Table Mountain hiking in Southeaster conditions – 15 September 2015

Cape Town’s four-seasons-in-a-day weather becomes even more erratic and capricious on Table Mountain, where the higher altitudes generate orographic weather that mostly operate independently from predictions ventured by the erudite folks at weather offices. Furthermore, the mountain’s expansive summit area give rise to micro-climates that further complicate weather-forecasting. Since weather conditions impact greatly on hiking Table Mountain, let’s take a brief look at a major Cape Town weather occurrence that can be predicted with an unpredictable measure of predictability: the famous, and equally notorious, Southeaster – the city’s prevailing summer wind.

As the name suggests, the Southeaster blows from the southeast, often for days on end, usually at gale-force speeds. Once believed to clear the city of the airborne bubonic flue, and nowadays doing a great job clearing the air of smog, it acquired the name of the Cape Doctor. It blows from around late October to late January, typically generating the Tablecloth, a bank of cloud that engulfs Table Mountain. Pretty from afar, the Tablecloth does not serve the needs and preferences of the average hiker. In wind- and cloudless conditions, Table Mountain hikes appear much more tame than in Southeaster conditions, when the wind moans around the rocks and dark cloud pours down from the summit.
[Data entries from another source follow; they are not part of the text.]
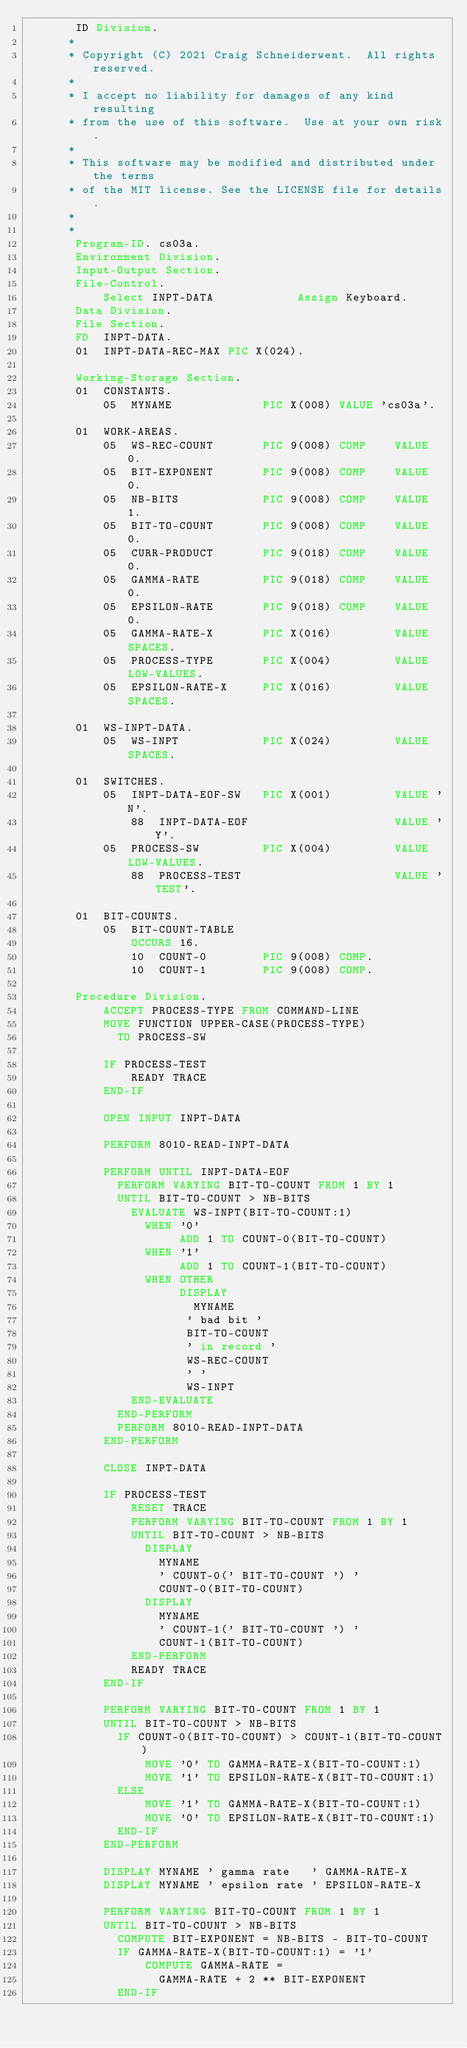<code> <loc_0><loc_0><loc_500><loc_500><_COBOL_>       ID Division.
      * 
      * Copyright (C) 2021 Craig Schneiderwent.  All rights reserved.
      * 
      * I accept no liability for damages of any kind resulting 
      * from the use of this software.  Use at your own risk.
      *
      * This software may be modified and distributed under the terms
      * of the MIT license. See the LICENSE file for details.
      *
      *
       Program-ID. cs03a.
       Environment Division.
       Input-Output Section.
       File-Control.
           Select INPT-DATA            Assign Keyboard.
       Data Division.
       File Section.
       FD  INPT-DATA.
       01  INPT-DATA-REC-MAX PIC X(024).

       Working-Storage Section.
       01  CONSTANTS.
           05  MYNAME             PIC X(008) VALUE 'cs03a'.

       01  WORK-AREAS.
           05  WS-REC-COUNT       PIC 9(008) COMP    VALUE 0.
           05  BIT-EXPONENT       PIC 9(008) COMP    VALUE 0.
           05  NB-BITS            PIC 9(008) COMP    VALUE 1.
           05  BIT-TO-COUNT       PIC 9(008) COMP    VALUE 0.
           05  CURR-PRODUCT       PIC 9(018) COMP    VALUE 0.
           05  GAMMA-RATE         PIC 9(018) COMP    VALUE 0.
           05  EPSILON-RATE       PIC 9(018) COMP    VALUE 0.
           05  GAMMA-RATE-X       PIC X(016)         VALUE SPACES.
           05  PROCESS-TYPE       PIC X(004)         VALUE LOW-VALUES.
           05  EPSILON-RATE-X     PIC X(016)         VALUE SPACES.

       01  WS-INPT-DATA.
           05  WS-INPT            PIC X(024)         VALUE SPACES.

       01  SWITCHES.
           05  INPT-DATA-EOF-SW   PIC X(001)         VALUE 'N'.
               88  INPT-DATA-EOF                     VALUE 'Y'.
           05  PROCESS-SW         PIC X(004)         VALUE LOW-VALUES.
               88  PROCESS-TEST                      VALUE 'TEST'.

       01  BIT-COUNTS.
           05  BIT-COUNT-TABLE
               OCCURS 16.
               10  COUNT-0        PIC 9(008) COMP.
               10  COUNT-1        PIC 9(008) COMP.

       Procedure Division.
           ACCEPT PROCESS-TYPE FROM COMMAND-LINE
           MOVE FUNCTION UPPER-CASE(PROCESS-TYPE)
             TO PROCESS-SW

           IF PROCESS-TEST
               READY TRACE
           END-IF

           OPEN INPUT INPT-DATA

           PERFORM 8010-READ-INPT-DATA

           PERFORM UNTIL INPT-DATA-EOF
             PERFORM VARYING BIT-TO-COUNT FROM 1 BY 1
             UNTIL BIT-TO-COUNT > NB-BITS
               EVALUATE WS-INPT(BIT-TO-COUNT:1)
                 WHEN '0'
                      ADD 1 TO COUNT-0(BIT-TO-COUNT)
                 WHEN '1'
                      ADD 1 TO COUNT-1(BIT-TO-COUNT)
                 WHEN OTHER
                      DISPLAY
                        MYNAME
                       ' bad bit '
                       BIT-TO-COUNT
                       ' in record '
                       WS-REC-COUNT
                       ' '
                       WS-INPT 
               END-EVALUATE
             END-PERFORM
             PERFORM 8010-READ-INPT-DATA
           END-PERFORM

           CLOSE INPT-DATA

           IF PROCESS-TEST
               RESET TRACE
               PERFORM VARYING BIT-TO-COUNT FROM 1 BY 1
               UNTIL BIT-TO-COUNT > NB-BITS
                 DISPLAY
                   MYNAME
                   ' COUNT-0(' BIT-TO-COUNT ') '
                   COUNT-0(BIT-TO-COUNT)
                 DISPLAY
                   MYNAME
                   ' COUNT-1(' BIT-TO-COUNT ') '
                   COUNT-1(BIT-TO-COUNT)
               END-PERFORM
               READY TRACE
           END-IF

           PERFORM VARYING BIT-TO-COUNT FROM 1 BY 1
           UNTIL BIT-TO-COUNT > NB-BITS
             IF COUNT-0(BIT-TO-COUNT) > COUNT-1(BIT-TO-COUNT)
                 MOVE '0' TO GAMMA-RATE-X(BIT-TO-COUNT:1)
                 MOVE '1' TO EPSILON-RATE-X(BIT-TO-COUNT:1)
             ELSE
                 MOVE '1' TO GAMMA-RATE-X(BIT-TO-COUNT:1)
                 MOVE '0' TO EPSILON-RATE-X(BIT-TO-COUNT:1)
             END-IF
           END-PERFORM

           DISPLAY MYNAME ' gamma rate   ' GAMMA-RATE-X
           DISPLAY MYNAME ' epsilon rate ' EPSILON-RATE-X

           PERFORM VARYING BIT-TO-COUNT FROM 1 BY 1
           UNTIL BIT-TO-COUNT > NB-BITS
             COMPUTE BIT-EXPONENT = NB-BITS - BIT-TO-COUNT
             IF GAMMA-RATE-X(BIT-TO-COUNT:1) = '1'
                 COMPUTE GAMMA-RATE =
                   GAMMA-RATE + 2 ** BIT-EXPONENT
             END-IF</code>

Seen as a scourge by most local hikers, the Southeaster possesses a few esoteric positives that most locals would dismiss with a wave of the hand. But annoying as the Southeaster may be, it forms an integral part of Table Mountain hiking as well as its formation.

In exactly what way does the Southeaster impact on Table Mountain hiking? The Tablecloth typically forms when the Southeaster blows, complicating route-finding and blotting out views; often also dampening the rock, creating slippery conditions. The cable car does not run in windy conditions, necessitating a walk-down – an extra 2 hours of hiking, and tougher than you think. Hiking against the wind, or across it, requires more balance. Routes that involve scrambling become harder and in some cases dangerous. The Southeaster allows for little conversation, so you’re hiking mute or with speech marked by monologue.

But since the Southeaster blows most days in summer, it makes sense to resign yourself to its impertinence and prepare adequately to maximize safety and enjoyment. Book your hike early in your stay to allow for spare days in the event of bad weather / Southeaster conditions. Start your hike early in the morning: the wind and cloud typically appear later in the day. Pack a warm layer of clothing and a rain-jacket. Know your route; if you don’t, go with someone who knows it well – or make use of a competent Table Mountain guide. Lastly, keep in mind that the Southeaster and Tablecloth form an integral part of the character of the mountain – so don’t curse it. You might lose your views, get your hair ruffled, forego the luxury of a cable car descent, get damp, hike with the unsteady gait of a Saturday-night drunk, but the mountain has its moods like all of us, and it’s not always pleasant. Besides, experiencing Table Mountain’s wild side – the landscape and atmosphere rendered otherworldly and foreboding and mystical by wild wind and scudding cloud – is nothing less than a privilege.